The Father, the Son, and the Holy Ghost are eternal.

  1. I am the first, and I am the last - (Isaiah 44:6) The everlasting (αἰωνίου) God - (Romans 16:26).
  2. I am the first and the last - (Revelation 1:17). Whose goings forth have been from of old, from everlasting  (ἀπ ἀρχῆς ἐξ ἡμερῶν αἰῶνος- LXX.) - (Micah 5:2).
  1. The eternal (αἰωνίου) Spirit - (Hebrews 9:14).

     The One Eternal is our trust. The eternal God is thy refuge, and underneath are the everlasting arms -(Deuteronomy 33:27).

II.

     The Father, the Son, and the Holy Ghost created all things.

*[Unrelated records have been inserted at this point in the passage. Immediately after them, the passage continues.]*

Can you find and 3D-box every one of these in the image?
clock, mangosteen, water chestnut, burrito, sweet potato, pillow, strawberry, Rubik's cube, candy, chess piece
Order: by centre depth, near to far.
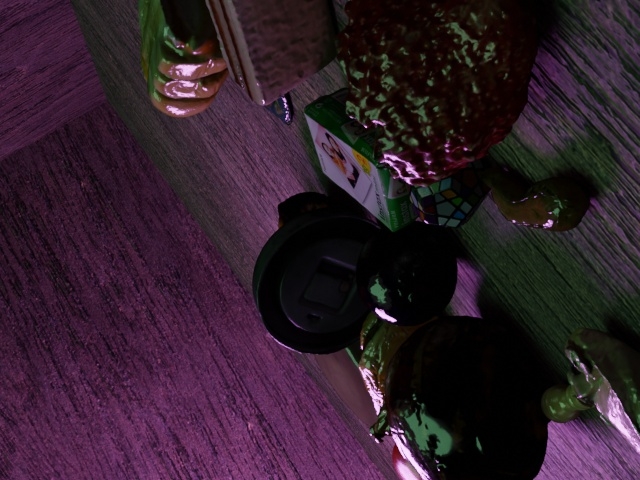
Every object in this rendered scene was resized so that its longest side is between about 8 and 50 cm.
[{"bbox_3d":[0.147,-0.214,1.174,0.261,0.258,0.261,58,-164,-27],"label":"strawberry"},{"bbox_3d":[0.291,-0.054,1.298,0.233,0.062,0.081,-154,49,-70],"label":"sweet potato"},{"bbox_3d":[0.462,0.251,1.305,0.348,0.107,0.175,46,178,44],"label":"burrito"},{"bbox_3d":[0.191,-0.082,1.436,0.112,0.133,0.133,41,163,10],"label":"Rubik's cube"},{"bbox_3d":[0.416,0.261,1.570,0.066,0.066,0.122,55,160,9],"label":"chess piece"},{"bbox_3d":[-0.089,-0.395,1.573,0.135,0.179,0.320,47,163,38],"label":"candy"},{"bbox_3d":[0.236,0.307,1.742,0.347,0.335,0.335,-18,107,41],"label":"water chestnut"},{"bbox_3d":[0.157,0.056,1.754,0.194,0.194,0.230,58,-176,-5],"label":"mangosteen"},{"bbox_3d":[0.013,0.084,2.003,0.325,0.325,0.067,65,171,-31],"label":"clock"},{"bbox_3d":[-0.148,-0.378,2.111,0.255,0.034,0.189,45,159,34],"label":"pillow"}]

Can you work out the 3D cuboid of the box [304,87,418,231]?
[{"bbox_3d":[0.086,-0.148,1.688,0.250,0.103,0.180,44,162,42],"label":"box"}]

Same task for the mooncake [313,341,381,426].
[{"bbox_3d":[0.122,0.270,2.308,0.356,0.194,0.356,49,160,25],"label":"mooncake"}]

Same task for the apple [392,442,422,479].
[{"bbox_3d":[0.288,0.507,2.221,0.230,0.230,0.230,52,165,20],"label":"apple"}]

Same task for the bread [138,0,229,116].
[{"bbox_3d":[-0.264,-0.426,1.977,0.341,0.210,0.300,120,142,-59],"label":"bread"}]

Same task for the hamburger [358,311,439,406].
[{"bbox_3d":[0.180,0.251,2.039,0.132,0.211,0.308,46,164,53],"label":"hamburger"}]

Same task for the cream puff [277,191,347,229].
[{"bbox_3d":[0.000,0.000,2.137,0.239,0.165,0.239,163,90,-84],"label":"cream puff"}]
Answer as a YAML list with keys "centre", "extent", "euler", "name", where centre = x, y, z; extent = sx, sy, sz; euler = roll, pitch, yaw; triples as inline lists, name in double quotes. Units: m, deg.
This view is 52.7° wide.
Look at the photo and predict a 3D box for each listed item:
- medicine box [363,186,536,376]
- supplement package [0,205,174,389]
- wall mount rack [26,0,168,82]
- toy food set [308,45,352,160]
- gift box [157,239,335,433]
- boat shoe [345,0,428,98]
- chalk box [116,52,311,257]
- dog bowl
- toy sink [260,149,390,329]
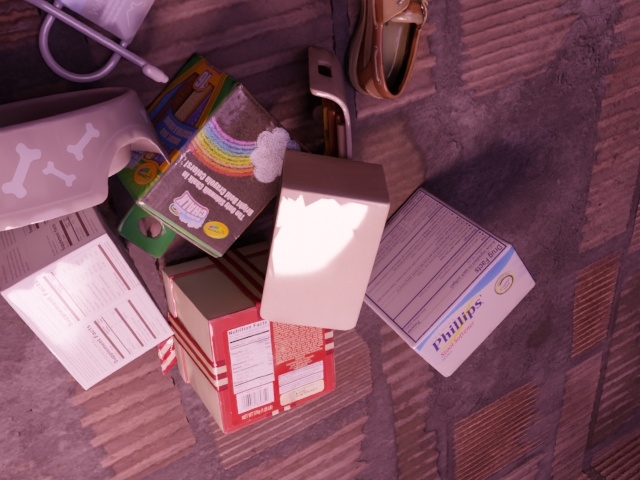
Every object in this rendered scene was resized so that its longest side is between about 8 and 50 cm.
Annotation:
- centre: [0.229, 0.077, 1.316]
  extent: [0.263, 0.289, 0.149]
  euler: [-47, 131, 0]
  name: "medicine box"
- centre: [-0.356, 0.041, 0.937]
  extent: [0.145, 0.262, 0.204]
  euler: [-32, 130, -13]
  name: "supplement package"
- centre: [-0.284, -0.372, 0.826]
  extent: [0.304, 0.130, 0.350]
  euler: [25, 101, -40]
  name: "wall mount rack"
- centre: [0.002, -0.148, 1.096]
  extent: [0.092, 0.219, 0.306]
  euler: [-4, 122, 1]
  name: "toy food set"
- centre: [-0.141, 0.171, 1.153]
  extent: [0.255, 0.258, 0.276]
  euler: [-10, 115, -28]
  name: "gift box"
- centre: [0.132, -0.394, 1.087]
  extent: [0.123, 0.120, 0.324]
  euler: [-10, 122, -28]
  name: "boat shoe"
- centre: [-0.197, -0.108, 1.009]
  extent: [0.289, 0.179, 0.180]
  euler: [-48, 132, 2]
  name: "chalk box"
- centre: [-0.369, -0.110, 0.801]
  extent: [0.349, 0.349, 0.102]
  euler: [-19, 112, -22]
  name: "dog bowl"
- centre: [0.000, 0.000, 0.980]
  extent: [0.153, 0.131, 0.234]
  euler: [8, 123, -6]
  name: "toy sink"
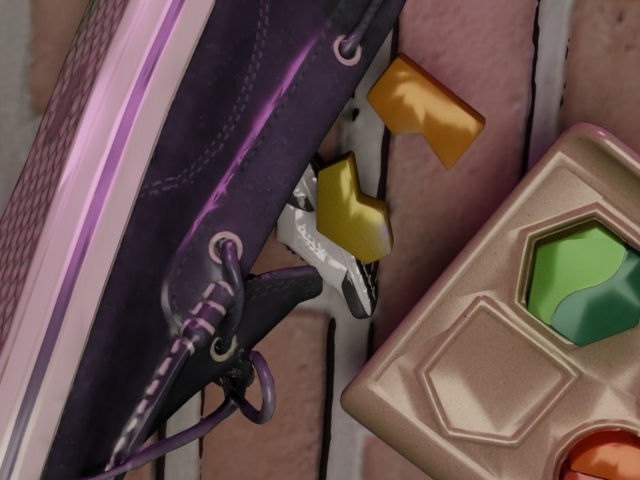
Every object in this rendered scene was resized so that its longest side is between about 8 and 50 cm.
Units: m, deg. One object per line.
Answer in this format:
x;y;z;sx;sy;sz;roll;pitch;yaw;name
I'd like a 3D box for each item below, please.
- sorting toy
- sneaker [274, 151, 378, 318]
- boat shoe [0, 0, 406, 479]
0.117;0.051;0.750;0.307;0.041;0.229;37;110;-5;sorting toy
0.000;0.000;0.796;0.043;0.040;0.109;-23;103;15;sneaker
-0.084;0.024;0.666;0.156;0.187;0.500;25;80;-22;boat shoe
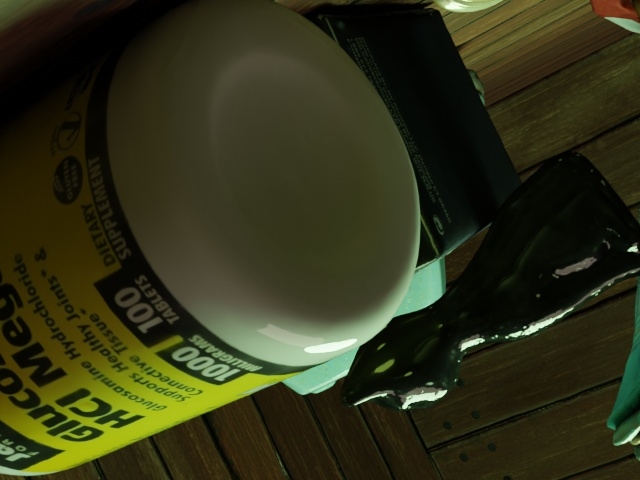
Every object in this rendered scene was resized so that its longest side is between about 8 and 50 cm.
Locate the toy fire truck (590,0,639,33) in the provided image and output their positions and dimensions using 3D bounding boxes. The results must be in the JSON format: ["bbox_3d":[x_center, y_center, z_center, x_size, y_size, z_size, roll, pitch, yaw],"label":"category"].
[{"bbox_3d":[0.375,-0.222,1.512,0.302,0.169,0.254,11,176,40],"label":"toy fire truck"}]

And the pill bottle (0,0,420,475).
[{"bbox_3d":[-0.124,0.018,0.901,0.334,0.188,0.188,-27,179,40],"label":"pill bottle"}]

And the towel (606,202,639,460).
[{"bbox_3d":[0.252,-0.076,1.061,0.271,0.040,0.370,-71,173,-45],"label":"towel"}]

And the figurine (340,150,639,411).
[{"bbox_3d":[0.104,0.043,1.113,0.209,0.092,0.215,-36,175,1],"label":"figurine"}]

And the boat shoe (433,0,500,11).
[{"bbox_3d":[0.109,-0.168,0.848,0.170,0.063,0.059,-38,-175,-41],"label":"boat shoe"}]

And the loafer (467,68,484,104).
[{"bbox_3d":[0.114,-0.160,1.892,0.096,0.084,0.267,6,167,-13],"label":"loafer"}]

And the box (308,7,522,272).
[{"bbox_3d":[-0.037,-0.026,1.218,0.296,0.182,0.294,-26,-179,20],"label":"box"}]

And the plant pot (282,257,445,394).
[{"bbox_3d":[0.000,0.000,1.586,0.248,0.252,0.247,-26,179,6],"label":"plant pot"}]
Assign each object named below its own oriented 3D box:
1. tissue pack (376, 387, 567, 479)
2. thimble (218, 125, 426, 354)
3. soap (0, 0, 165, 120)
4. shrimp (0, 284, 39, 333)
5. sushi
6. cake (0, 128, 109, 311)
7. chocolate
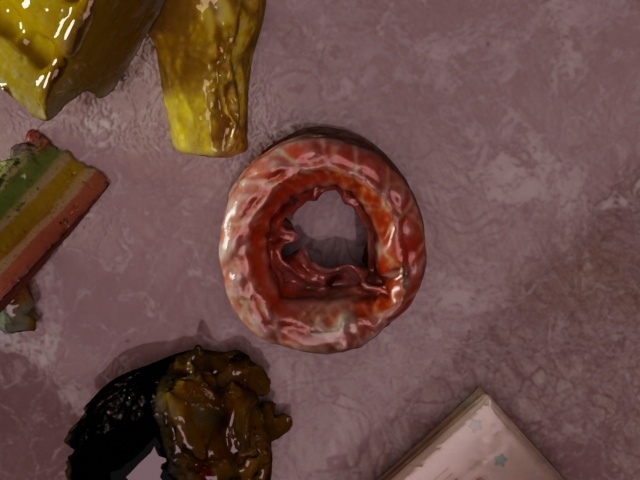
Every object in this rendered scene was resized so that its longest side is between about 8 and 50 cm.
[{"bbox_3d":[0.124,0.340,1.552,0.325,0.071,0.170,-43,96,3],"label":"tissue pack"},{"bbox_3d":[0.000,0.000,1.451,0.239,0.162,0.239,0,97,-2],"label":"thimble"},{"bbox_3d":[-0.306,-0.339,1.313,0.339,0.169,0.304,40,120,9],"label":"soap"},{"bbox_3d":[-0.417,0.073,1.503,0.166,0.049,0.161,-38,95,4],"label":"shrimp"},{"bbox_3d":[-0.150,0.234,1.474,0.204,0.213,0.200,-21,122,14],"label":"sushi"},{"bbox_3d":[-0.345,-0.012,1.467,0.109,0.090,0.225,37,57,-2],"label":"cake"},{"bbox_3d":[-0.117,-0.309,1.405,0.162,0.162,0.445,-2,100,-2],"label":"chocolate"}]

  1. One God, the Father, of whom are all things - (I Corinthians 8:6). The Lord . . . it is he that hath made us -(Psalm 100:3).
  2. All things were made by him - the Word, etc. (John 1:3). By him were all things created, etc. - (Colossians 1:16).
  3. Who hath measured, etc - who hath directed the Spirit of the Lord? - (Isaiah 40:12, 13). God hath made me - (Job 33:4).

     The One Almighty is our trust. Commit the keeping of their souls to him, . . . as unto a faithful Creator - (I Peter 4:19).

III.

     The Father, the Son, and the Holy Ghost are omnipresent.

  1. Do not I fill the heaven and earth? saith the Lord - (Jeremiah 23:24).
  2. Lo, I am with you alway - (Matthew 28:20).
  3. Whither shall I go from thy Spirit? - (Psalm 139:7).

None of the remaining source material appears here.